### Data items
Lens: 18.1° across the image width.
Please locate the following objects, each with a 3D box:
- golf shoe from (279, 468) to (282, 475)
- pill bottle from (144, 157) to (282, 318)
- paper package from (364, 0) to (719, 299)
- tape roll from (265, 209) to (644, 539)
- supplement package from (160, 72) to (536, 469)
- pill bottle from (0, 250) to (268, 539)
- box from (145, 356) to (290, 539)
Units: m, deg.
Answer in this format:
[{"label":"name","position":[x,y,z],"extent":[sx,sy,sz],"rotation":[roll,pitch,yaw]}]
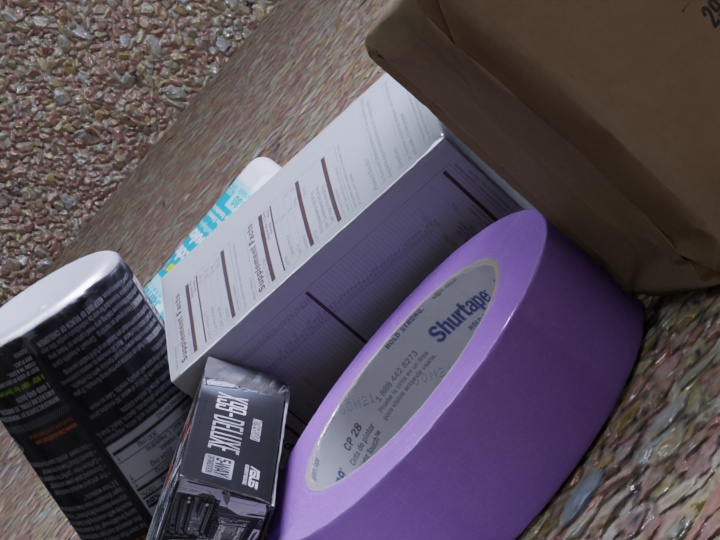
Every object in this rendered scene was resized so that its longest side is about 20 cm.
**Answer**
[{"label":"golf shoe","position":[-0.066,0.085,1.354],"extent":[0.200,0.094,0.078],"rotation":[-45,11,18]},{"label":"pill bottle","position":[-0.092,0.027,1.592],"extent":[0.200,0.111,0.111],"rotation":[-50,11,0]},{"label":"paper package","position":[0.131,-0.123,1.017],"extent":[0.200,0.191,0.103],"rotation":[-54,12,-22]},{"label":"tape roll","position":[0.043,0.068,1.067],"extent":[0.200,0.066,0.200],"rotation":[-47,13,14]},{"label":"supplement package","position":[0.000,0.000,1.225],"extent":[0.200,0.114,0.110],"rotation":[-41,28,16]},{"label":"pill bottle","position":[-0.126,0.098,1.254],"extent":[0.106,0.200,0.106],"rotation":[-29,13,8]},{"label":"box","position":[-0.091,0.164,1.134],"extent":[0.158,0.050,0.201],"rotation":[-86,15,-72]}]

==

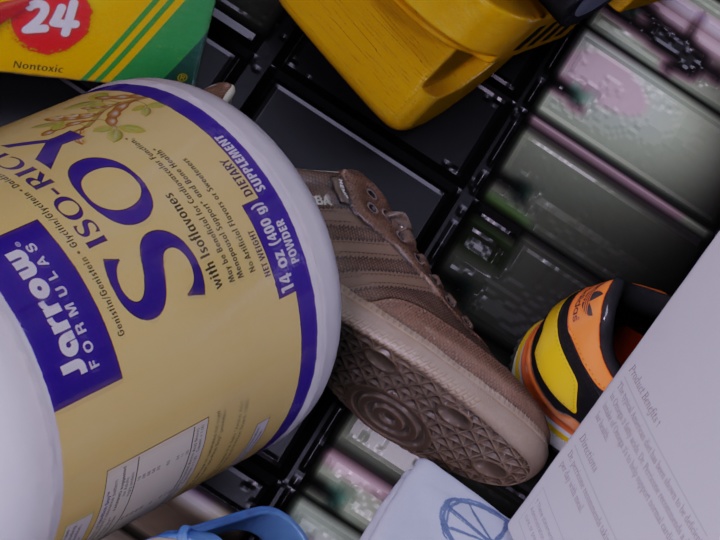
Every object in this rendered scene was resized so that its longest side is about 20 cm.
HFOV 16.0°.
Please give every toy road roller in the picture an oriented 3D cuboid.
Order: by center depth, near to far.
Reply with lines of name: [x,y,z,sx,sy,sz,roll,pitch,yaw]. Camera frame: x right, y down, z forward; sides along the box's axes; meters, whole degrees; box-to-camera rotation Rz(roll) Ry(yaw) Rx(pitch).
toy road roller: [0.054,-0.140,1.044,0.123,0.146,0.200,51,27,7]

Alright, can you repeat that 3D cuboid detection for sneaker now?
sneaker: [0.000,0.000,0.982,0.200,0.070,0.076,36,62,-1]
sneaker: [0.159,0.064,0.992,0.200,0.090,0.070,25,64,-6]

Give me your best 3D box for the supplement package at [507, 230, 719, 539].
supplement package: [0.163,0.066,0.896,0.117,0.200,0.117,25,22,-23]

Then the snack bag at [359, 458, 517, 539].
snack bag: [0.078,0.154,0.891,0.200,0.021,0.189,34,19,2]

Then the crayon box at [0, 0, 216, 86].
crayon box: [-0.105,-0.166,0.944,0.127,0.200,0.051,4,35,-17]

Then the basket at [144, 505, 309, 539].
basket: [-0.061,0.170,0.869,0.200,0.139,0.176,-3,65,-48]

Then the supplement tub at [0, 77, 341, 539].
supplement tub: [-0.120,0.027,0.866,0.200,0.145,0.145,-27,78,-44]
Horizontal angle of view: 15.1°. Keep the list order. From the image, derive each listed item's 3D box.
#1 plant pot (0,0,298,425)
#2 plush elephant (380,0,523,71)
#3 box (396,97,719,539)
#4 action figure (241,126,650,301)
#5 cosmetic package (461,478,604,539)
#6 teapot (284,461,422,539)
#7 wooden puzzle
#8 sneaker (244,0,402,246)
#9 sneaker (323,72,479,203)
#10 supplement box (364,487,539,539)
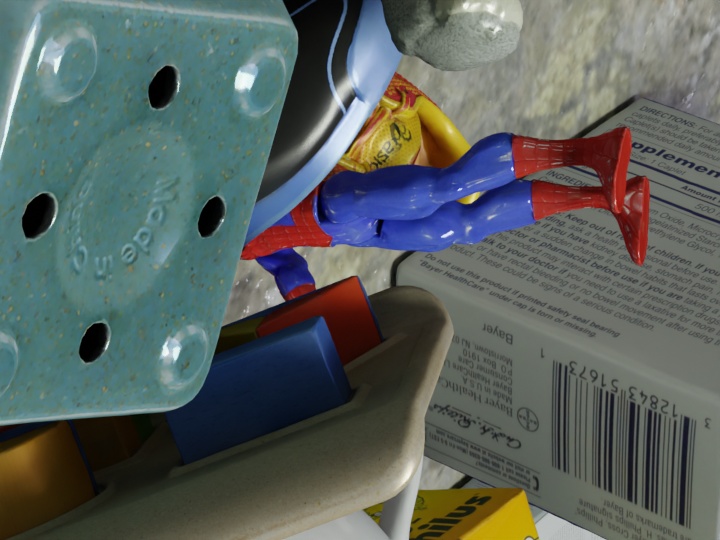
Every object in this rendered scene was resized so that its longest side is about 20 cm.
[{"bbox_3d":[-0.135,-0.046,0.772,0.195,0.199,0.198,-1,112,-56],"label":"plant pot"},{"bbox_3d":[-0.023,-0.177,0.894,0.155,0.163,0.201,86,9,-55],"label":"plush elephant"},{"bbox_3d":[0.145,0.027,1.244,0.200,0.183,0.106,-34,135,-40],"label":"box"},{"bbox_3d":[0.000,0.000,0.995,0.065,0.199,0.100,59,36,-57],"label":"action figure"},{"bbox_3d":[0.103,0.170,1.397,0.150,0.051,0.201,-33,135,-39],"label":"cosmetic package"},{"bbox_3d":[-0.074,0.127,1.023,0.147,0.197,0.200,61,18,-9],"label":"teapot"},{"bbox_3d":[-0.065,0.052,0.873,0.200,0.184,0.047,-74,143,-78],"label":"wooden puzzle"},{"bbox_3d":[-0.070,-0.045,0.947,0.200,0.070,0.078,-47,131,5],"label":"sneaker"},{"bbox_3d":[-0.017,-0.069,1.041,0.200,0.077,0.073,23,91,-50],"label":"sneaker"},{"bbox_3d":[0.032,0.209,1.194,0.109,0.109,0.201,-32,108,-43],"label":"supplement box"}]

--

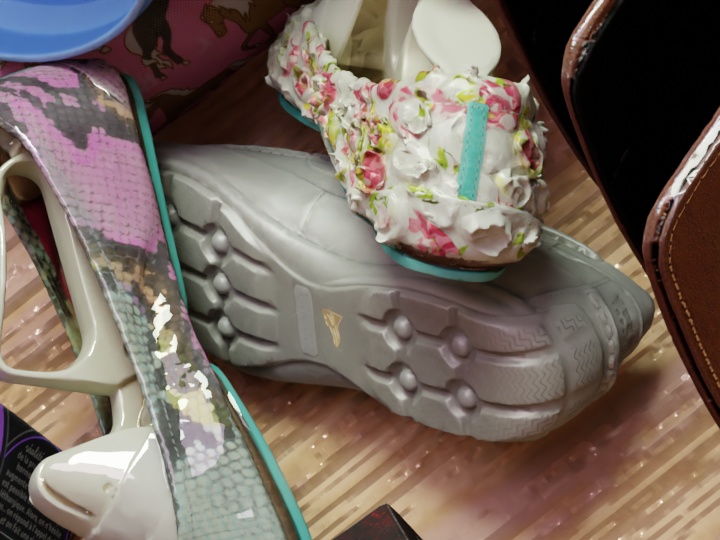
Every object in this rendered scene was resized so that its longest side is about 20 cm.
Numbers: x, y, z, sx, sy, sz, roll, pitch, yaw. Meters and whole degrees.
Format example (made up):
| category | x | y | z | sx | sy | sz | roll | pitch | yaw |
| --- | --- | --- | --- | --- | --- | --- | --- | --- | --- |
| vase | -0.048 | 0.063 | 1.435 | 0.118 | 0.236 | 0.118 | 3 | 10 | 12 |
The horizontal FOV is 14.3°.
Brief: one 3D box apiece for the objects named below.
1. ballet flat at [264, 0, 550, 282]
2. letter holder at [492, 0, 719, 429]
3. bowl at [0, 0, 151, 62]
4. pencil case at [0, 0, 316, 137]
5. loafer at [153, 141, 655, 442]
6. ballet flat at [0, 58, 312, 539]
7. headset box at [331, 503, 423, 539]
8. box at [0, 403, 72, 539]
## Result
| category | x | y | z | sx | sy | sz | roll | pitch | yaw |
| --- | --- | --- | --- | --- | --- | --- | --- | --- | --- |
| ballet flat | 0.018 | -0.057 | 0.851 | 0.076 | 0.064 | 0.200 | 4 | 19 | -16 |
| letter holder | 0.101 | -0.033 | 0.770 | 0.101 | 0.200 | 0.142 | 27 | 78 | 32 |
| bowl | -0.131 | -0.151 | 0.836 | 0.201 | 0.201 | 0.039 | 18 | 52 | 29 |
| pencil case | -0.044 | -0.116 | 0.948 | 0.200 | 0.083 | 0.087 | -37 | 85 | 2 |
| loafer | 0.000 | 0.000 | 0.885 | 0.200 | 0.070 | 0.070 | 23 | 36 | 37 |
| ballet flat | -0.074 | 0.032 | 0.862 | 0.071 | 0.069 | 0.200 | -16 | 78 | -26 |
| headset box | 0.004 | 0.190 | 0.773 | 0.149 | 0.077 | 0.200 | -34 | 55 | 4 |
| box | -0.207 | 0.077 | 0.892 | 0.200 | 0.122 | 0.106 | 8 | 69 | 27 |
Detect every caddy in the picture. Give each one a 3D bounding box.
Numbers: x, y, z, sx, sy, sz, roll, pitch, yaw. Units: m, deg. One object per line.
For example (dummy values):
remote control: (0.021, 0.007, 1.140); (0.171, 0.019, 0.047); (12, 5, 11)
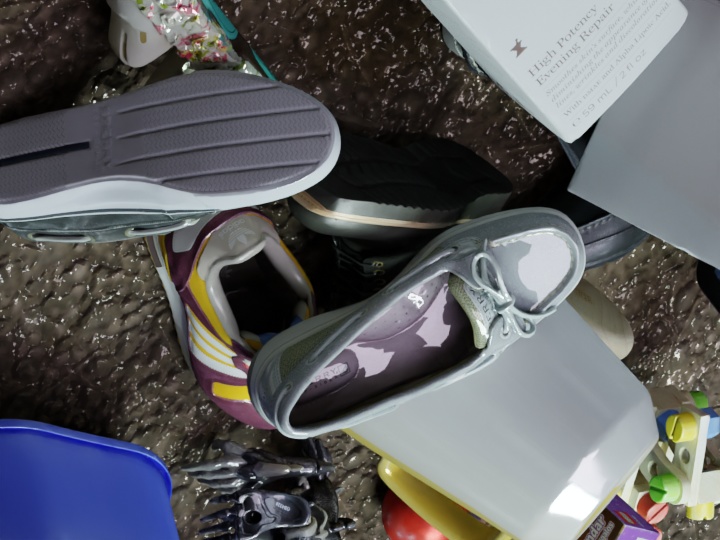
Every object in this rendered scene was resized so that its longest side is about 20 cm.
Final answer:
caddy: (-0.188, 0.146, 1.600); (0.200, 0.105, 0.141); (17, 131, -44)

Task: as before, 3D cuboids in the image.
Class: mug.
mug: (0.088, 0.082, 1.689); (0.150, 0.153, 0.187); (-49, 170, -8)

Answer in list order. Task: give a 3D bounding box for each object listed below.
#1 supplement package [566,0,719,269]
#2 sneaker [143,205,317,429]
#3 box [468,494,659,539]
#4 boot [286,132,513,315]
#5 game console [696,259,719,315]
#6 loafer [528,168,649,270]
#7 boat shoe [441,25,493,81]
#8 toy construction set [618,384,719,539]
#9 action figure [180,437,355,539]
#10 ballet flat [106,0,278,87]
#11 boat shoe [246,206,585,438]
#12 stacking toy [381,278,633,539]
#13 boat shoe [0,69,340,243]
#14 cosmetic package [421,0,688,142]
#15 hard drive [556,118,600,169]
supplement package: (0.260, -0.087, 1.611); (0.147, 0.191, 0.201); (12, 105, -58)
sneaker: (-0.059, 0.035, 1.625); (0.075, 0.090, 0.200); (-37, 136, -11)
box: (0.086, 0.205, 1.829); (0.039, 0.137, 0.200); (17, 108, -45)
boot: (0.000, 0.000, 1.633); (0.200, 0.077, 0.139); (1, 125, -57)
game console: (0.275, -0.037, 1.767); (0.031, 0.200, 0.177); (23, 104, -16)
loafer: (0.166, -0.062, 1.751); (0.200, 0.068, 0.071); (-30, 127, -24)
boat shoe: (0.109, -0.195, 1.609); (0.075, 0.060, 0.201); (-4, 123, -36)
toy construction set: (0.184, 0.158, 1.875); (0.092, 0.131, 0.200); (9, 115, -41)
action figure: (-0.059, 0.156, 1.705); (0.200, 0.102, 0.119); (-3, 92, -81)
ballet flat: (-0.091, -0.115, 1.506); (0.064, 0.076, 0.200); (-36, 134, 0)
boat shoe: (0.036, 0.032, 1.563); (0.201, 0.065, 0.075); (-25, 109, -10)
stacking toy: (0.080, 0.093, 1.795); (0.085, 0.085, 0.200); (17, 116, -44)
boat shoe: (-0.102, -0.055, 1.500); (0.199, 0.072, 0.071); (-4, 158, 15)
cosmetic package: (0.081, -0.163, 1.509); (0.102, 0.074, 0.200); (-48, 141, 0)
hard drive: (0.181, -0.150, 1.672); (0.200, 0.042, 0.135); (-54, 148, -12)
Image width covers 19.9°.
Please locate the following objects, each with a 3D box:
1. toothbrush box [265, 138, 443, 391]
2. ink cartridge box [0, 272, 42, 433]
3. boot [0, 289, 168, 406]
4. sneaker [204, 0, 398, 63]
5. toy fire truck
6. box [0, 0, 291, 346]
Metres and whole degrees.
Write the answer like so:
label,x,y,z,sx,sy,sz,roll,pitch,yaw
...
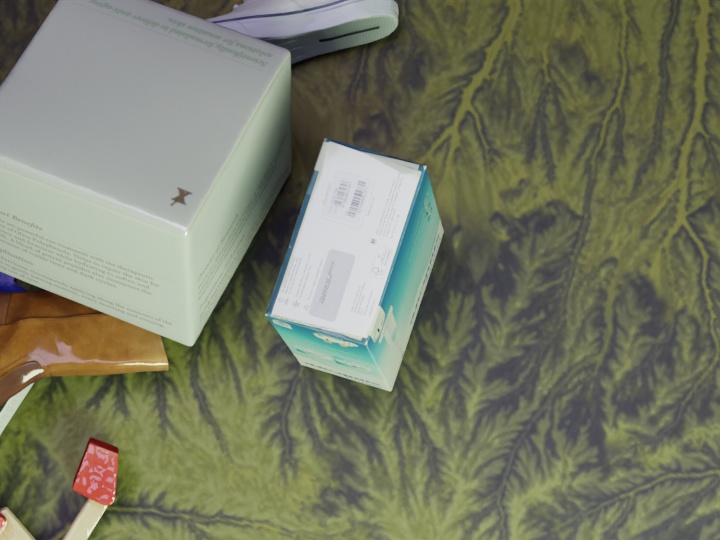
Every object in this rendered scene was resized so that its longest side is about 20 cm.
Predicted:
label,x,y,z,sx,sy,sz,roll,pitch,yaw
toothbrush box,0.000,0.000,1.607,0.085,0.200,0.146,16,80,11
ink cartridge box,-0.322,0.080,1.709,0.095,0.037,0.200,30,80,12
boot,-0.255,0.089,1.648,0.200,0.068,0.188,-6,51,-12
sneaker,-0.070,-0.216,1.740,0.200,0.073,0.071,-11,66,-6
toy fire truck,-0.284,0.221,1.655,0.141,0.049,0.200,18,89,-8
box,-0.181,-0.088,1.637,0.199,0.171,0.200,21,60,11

### Task to complete
Locate the word "example" in the records above, and return each line that has it.

### Expected answer
Format example (made up):
For example (dummy values):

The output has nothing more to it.